Baby-boomers can expect better imaging of age-related changes

If ever a generation has been obsessed with aging, it's the baby-boom generation. Thirty years' worth of fads in exercise, diets, fashion, and personal grooming have all been directed at slowing the aging process or hiding its effects. Well, boomers can run (or jog, or bike, or yoga), but they won't be able to hide from what radiologists may soon be able to tell about the age of their insides.

As the elderly population in the U.S. grows, radiologists are increasingly being called on to perform imaging studies of age-related acute and chronic diseases. An atlas that will document a baseline benchmark of normal age-related changes in the body and how they relate to or influence and support age-related diseases is being compiled by researchers at the University of Pennsylvania.

Spearheading the project is Dr. Abass Alavi, emeritus chair of the department of nuclear medicine at Penn and a pioneer in FDG-PET imaging. He and his colleagues have undertaken a massive project to quantitatively document the normal aging process with PET, CT, and MR imaging.

So far, Penn researchers have published 11 studies in Seminars in Nuclear Medicine. More studies with additional detail are slated to appear this month and in the future. The effort involves retrospectively reviewing images from a representative cross-section of the population, including pediatrics, all considered healthy. Researchers recorded organ volumes and metabolic activities in the brain, head and neck, thorax, heart and blood vessels, breast, abdomen, pelvis, bone marrow, and skin, fat, and muscle. With this knowledge, nuclear medicine physicians and radiologists will be better able to differentiate early pathology from changes of normal aging.
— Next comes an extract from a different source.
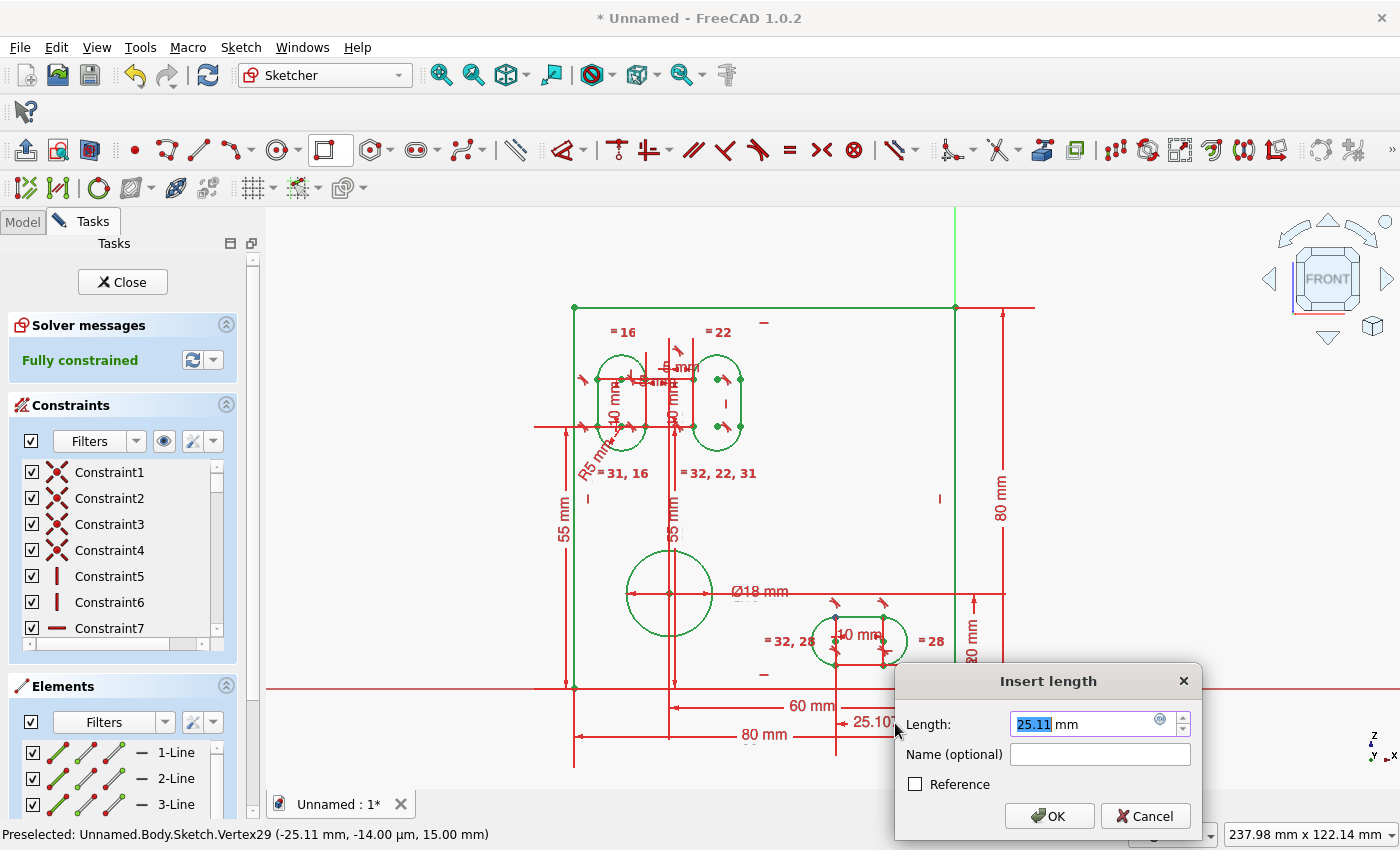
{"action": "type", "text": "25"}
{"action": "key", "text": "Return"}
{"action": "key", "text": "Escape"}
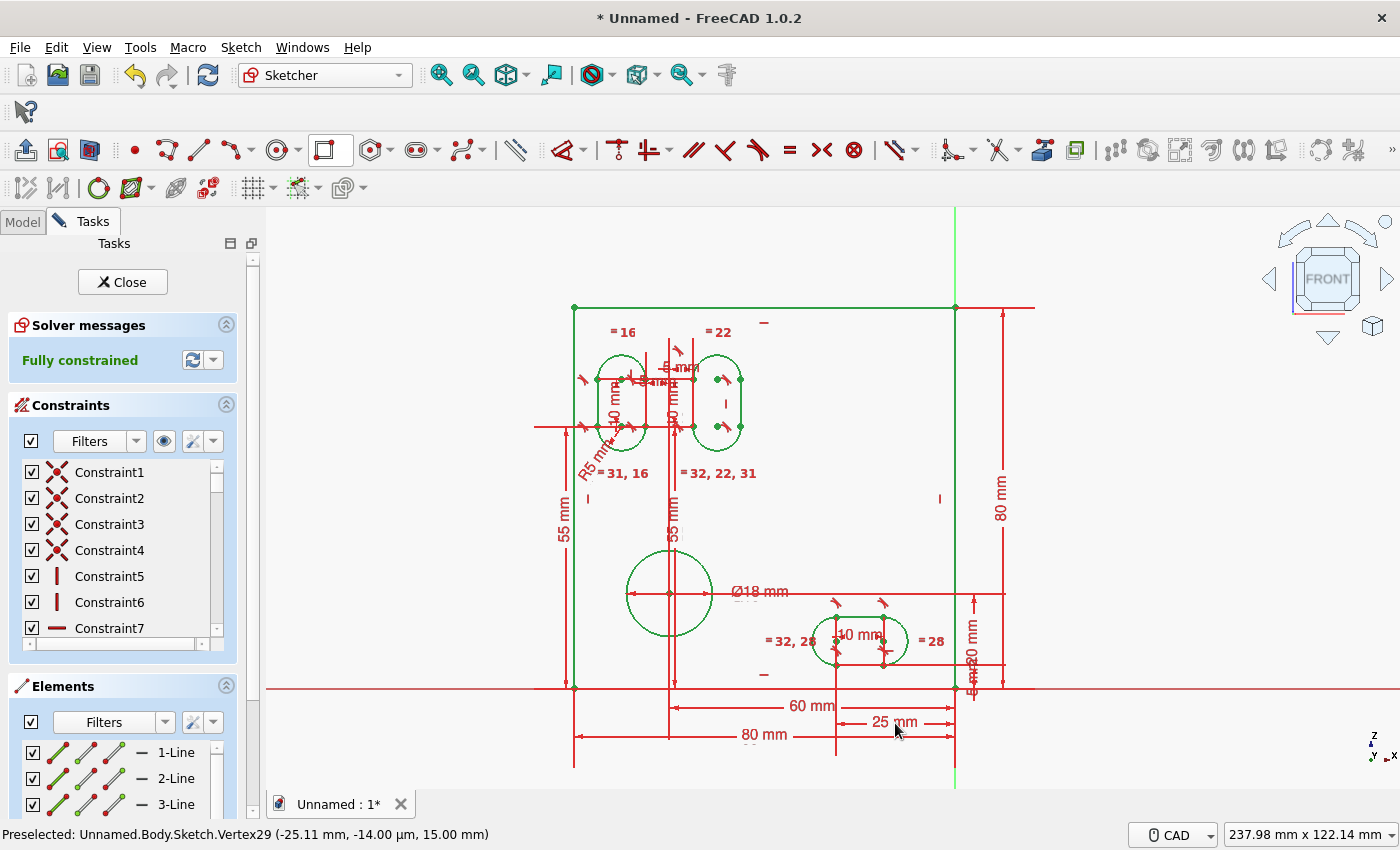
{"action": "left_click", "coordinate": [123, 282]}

"Despite the fact that everyone undergoes aging, there is very little in the literature regarding quantitative assessment of normal age-related changes in structure and function of the different organ systems of the body through use of imaging," said Dr. Drew A. Torigian, an assistant professor of radiology at Penn and senior author on several of the papers published in this effort. "In order to know whether a structure is normal or not, you need to first know what's considered normal."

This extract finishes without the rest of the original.